Mali is extremely poor and chronically under-aided. 90 per cent of Mali's population lives on less than two dollars a day (this country has the highest percentage of such people in the world), yet it receives less than half the amount of aid per person than its neighbour, Senegal, which is less poor. Despite this, the World Bank has deliberately prevented the Malian government from accessing more aid on the grounds of its failure to privatise its cotton industry. Mali currently receives at least $72m less than it could. This money could be used to pay the salaries of 5,000 teachers for the next ten years, in a country where only 17 per cent of women between 15 and 24 are literate.

Such conditions have at best failed to deliver for the poor and at worst have destroyed poor peoples' livelihoods. Private ownership of the Malian electricity company has only provided a minimal expansion in coverage and instead has resulted in dramatic price increases. Liberalization of the cotton sector has exposed Malian cotton farmers to the heavily distorted world cotton market price. Prices have been in severe decline as a result of huge rich-country subsidies to their own farmers. The result: three million Malian farmers saw a 20 per cent drop in the price they received for their cotton in 2005. According to an unpublished study by the World Bank, seen by Oxfam, this is likely to increase poverty by 4.6 per cent across the country.

Donors should stop attaching detailed economic policy conditions to their aid. They are entitled to require financial accountability and progress towards mutually agreed broad poverty reduction goals or outcomes as conditions of their aid - but nothing more.
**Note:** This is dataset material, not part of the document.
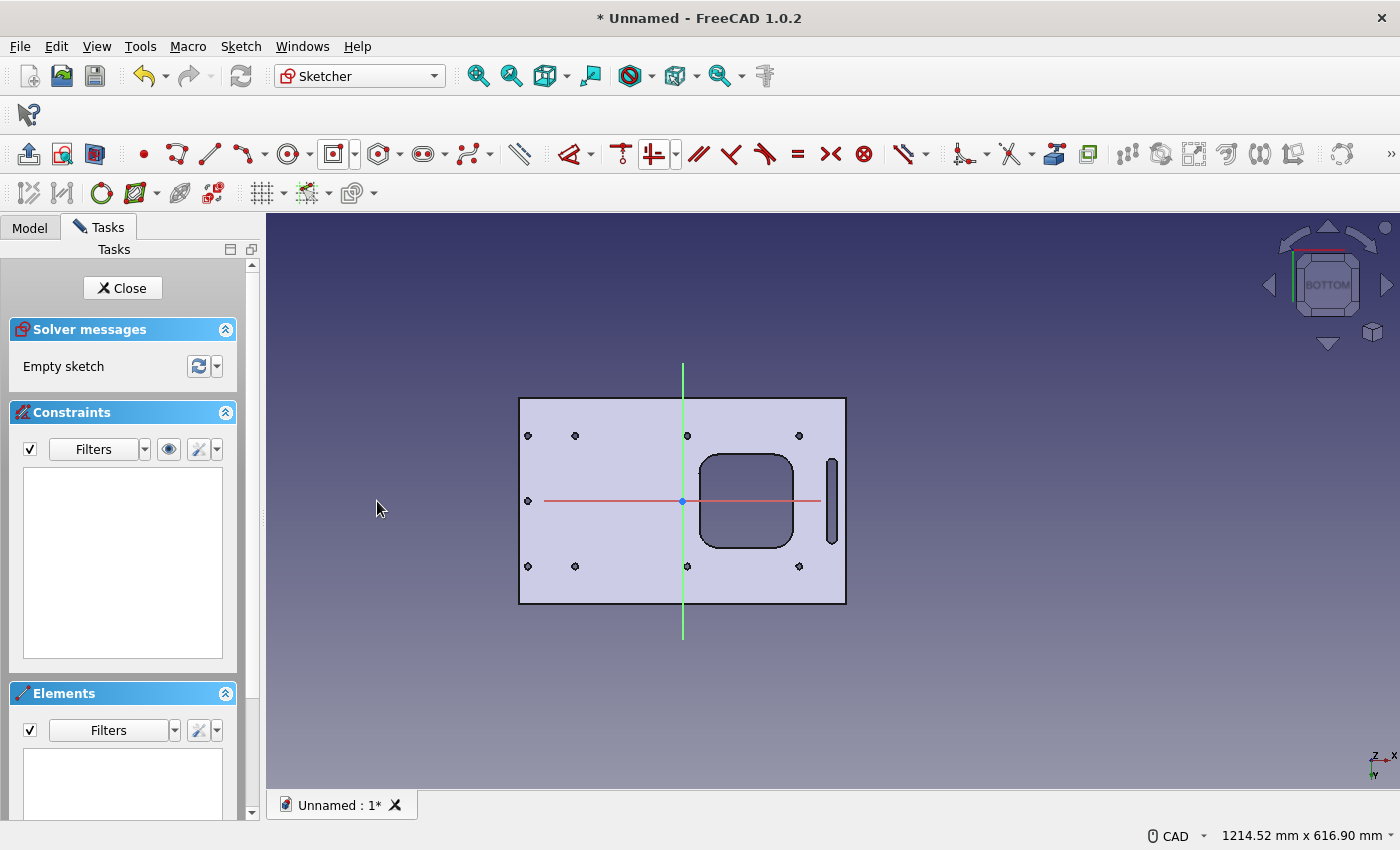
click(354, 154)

Moving to linking aid to broad poverty reduction goals or as it is more commonly referred to, ‘outcome-based conditionality', would stop donors from pushing specific policies and unnecessarily involving themselves in the internal affairs of developing countries.

In addition, government progress would be assessed according to results on the ground and there would be ongoing opportunities to change policies according to what has worked. Finally, ensuring that outcome-based conditions are transparently produced and reviewed means that parliamentarians and citizen in recipient countries can better hold their own governments to account.


World Bank

The World Bank should:
• Stop attaching any economic policy conditions (prior actions and benchmarks) to its aid
• Move to outcome-based conditionality, linking aid to a few mutually agreed poverty reduction targets, based on the Millennium Development Goals or national poverty targets
• Ensure that all country analytical work is driven by recipient governments' agendas, is made public, and examines a wide range of policy options, assessing each in the light of its poverty impact.


The IMF should:
• In countries where macro-economic stability is still an issue, limit its quantitative targets (e.g. fiscal deficit, sector wage bill and inflation targets) to a minimum, and ensure they are backed up by independent analysis and broad agreement that this is the best option for poverty reduction. Analysis should be based around different economic scenarios and should be vocal about the need for increased aid volume and predictability.


Donors should:
• Invest at least 50 per cent of their aid in long-term (five years and more) predictable budget and sector support
• Move to using outcome-based conditionality, linking aid to a few mutually agreed Millennium Development Goals or national poverty reduction targets
• Ensure that aid and debt cancellation are formally de-linked from IMF and World Bank programs and rather based on the implementation of mutually agreed poverty reduction goals co-ordinated across the major donors
• Assist Southern governments in developing their own capacity to analyse policy-reform options.

Developing-country governments

Developing-country governments should:
• Ensure transparent and accountable budget and expenditure processes and involve parliaments and civil society in all national decision-making and setting of poverty reduction goals
• Increase capacity to collect poverty data and analyse the impact of different policy options on poor people.